+++ Provided records

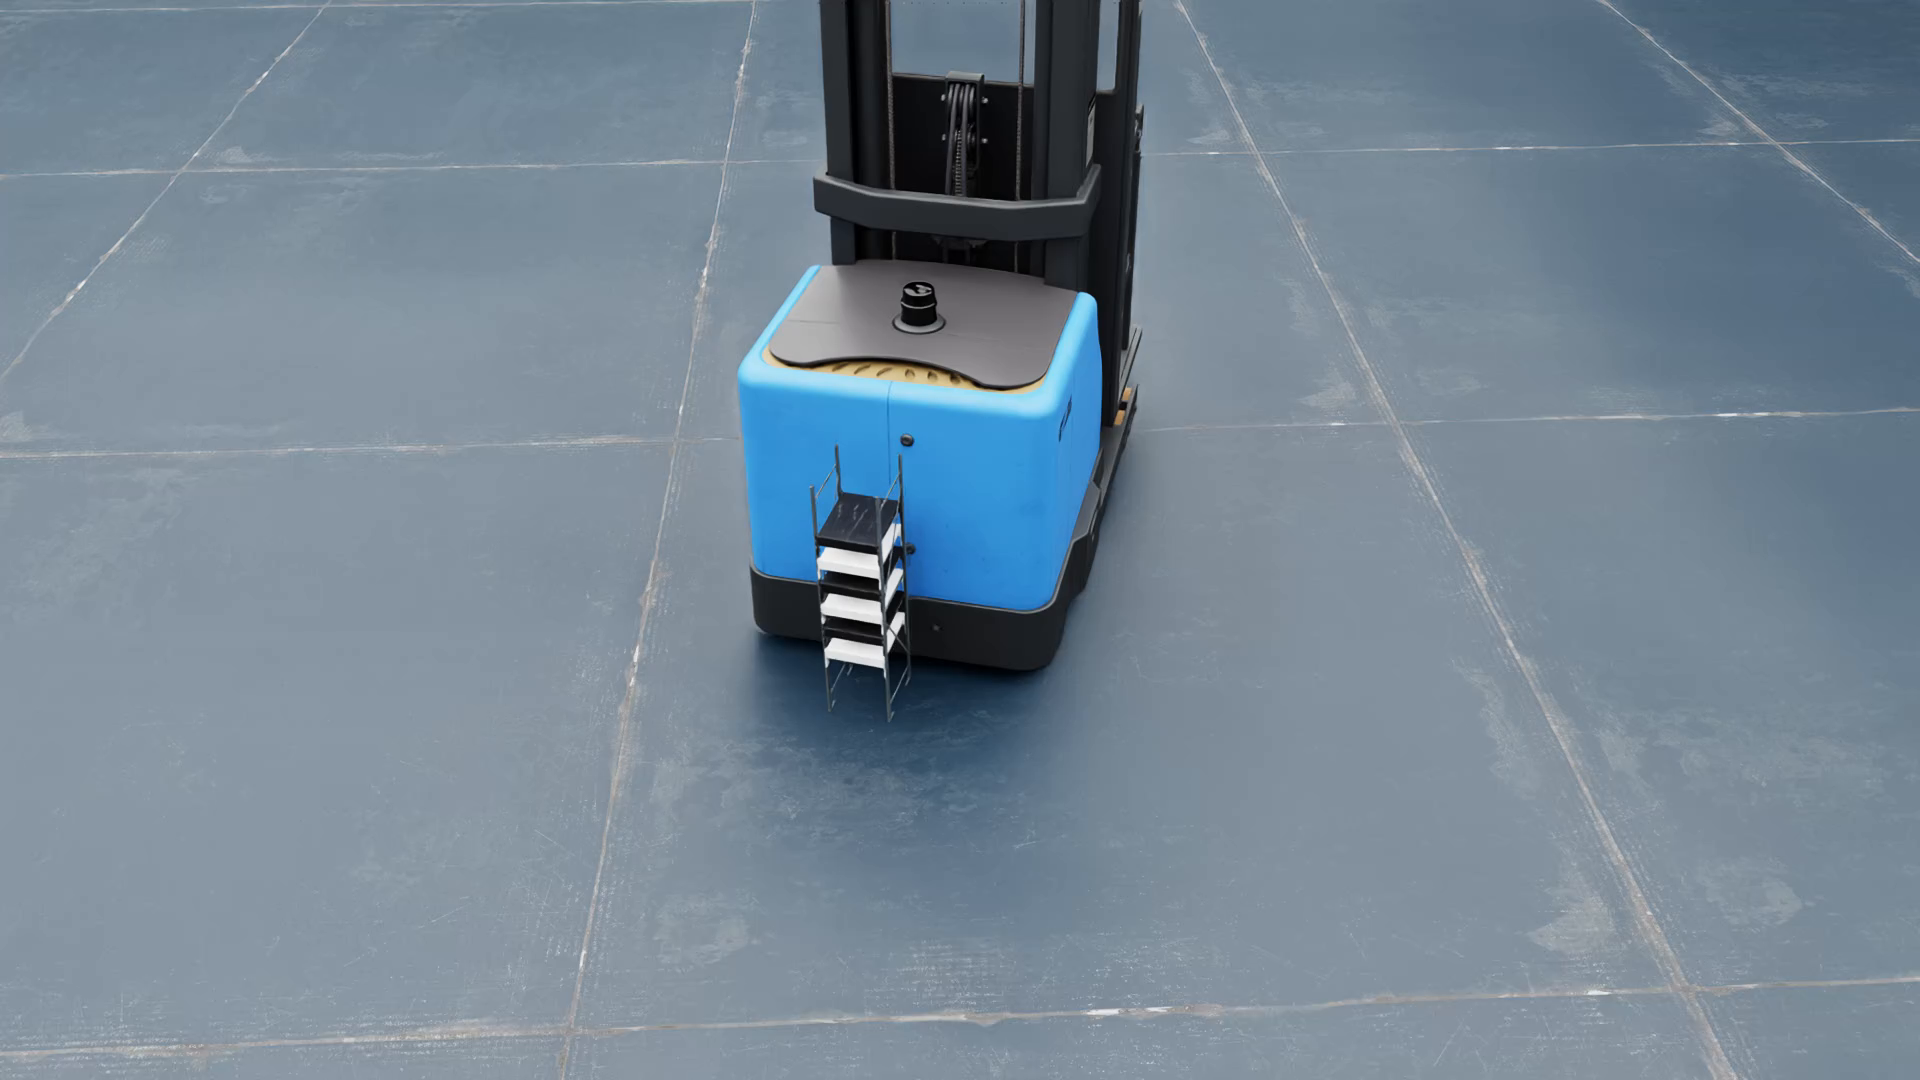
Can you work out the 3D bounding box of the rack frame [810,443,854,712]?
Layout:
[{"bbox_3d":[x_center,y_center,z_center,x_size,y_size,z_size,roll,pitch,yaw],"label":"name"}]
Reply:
[{"bbox_3d":[-0.400,0.134,5.255,0.006,0.900,0.240,9,38,13],"label":"rack frame"}]

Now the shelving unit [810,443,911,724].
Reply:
[{"bbox_3d":[-0.302,0.150,5.232,0.210,0.900,0.258,9,38,13],"label":"shelving unit"}]

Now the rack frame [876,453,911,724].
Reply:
[{"bbox_3d":[-0.205,0.166,5.209,0.006,0.900,0.240,9,38,13],"label":"rack frame"}]

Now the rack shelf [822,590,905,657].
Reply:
[{"bbox_3d":[-0.301,0.248,5.307,0.200,0.077,0.258,9,38,13],"label":"rack shelf"}]

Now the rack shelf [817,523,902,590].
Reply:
[{"bbox_3d":[-0.304,0.033,5.144,0.200,0.077,0.258,9,38,13],"label":"rack shelf"}]

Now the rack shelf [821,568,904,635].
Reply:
[{"bbox_3d":[-0.302,0.176,5.252,0.200,0.077,0.258,9,38,13],"label":"rack shelf"}]

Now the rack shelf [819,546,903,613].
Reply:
[{"bbox_3d":[-0.303,0.105,5.198,0.200,0.077,0.258,9,38,13],"label":"rack shelf"}]

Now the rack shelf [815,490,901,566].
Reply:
[{"bbox_3d":[-0.306,-0.039,5.089,0.200,0.077,0.258,9,38,13],"label":"rack shelf"}]

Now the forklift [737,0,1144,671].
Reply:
[{"bbox_3d":[0.123,-1.608,5.998,1.130,2.935,3.031,8,35,11],"label":"forklift"}]

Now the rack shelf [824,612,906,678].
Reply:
[{"bbox_3d":[-0.300,0.320,5.361,0.200,0.077,0.258,9,38,13],"label":"rack shelf"}]

++++++

- _Your goal_
What are the lines from the one containing "Now the rack shelf [815,490,901,566]." through the end of the material? Reproduce them exactly, both ends included, with nothing added.

- _Answer to this problem_
Now the rack shelf [815,490,901,566].
Reply:
[{"bbox_3d":[-0.306,-0.039,5.089,0.200,0.077,0.258,9,38,13],"label":"rack shelf"}]

Now the forklift [737,0,1144,671].
Reply:
[{"bbox_3d":[0.123,-1.608,5.998,1.130,2.935,3.031,8,35,11],"label":"forklift"}]

Now the rack shelf [824,612,906,678].
Reply:
[{"bbox_3d":[-0.300,0.320,5.361,0.200,0.077,0.258,9,38,13],"label":"rack shelf"}]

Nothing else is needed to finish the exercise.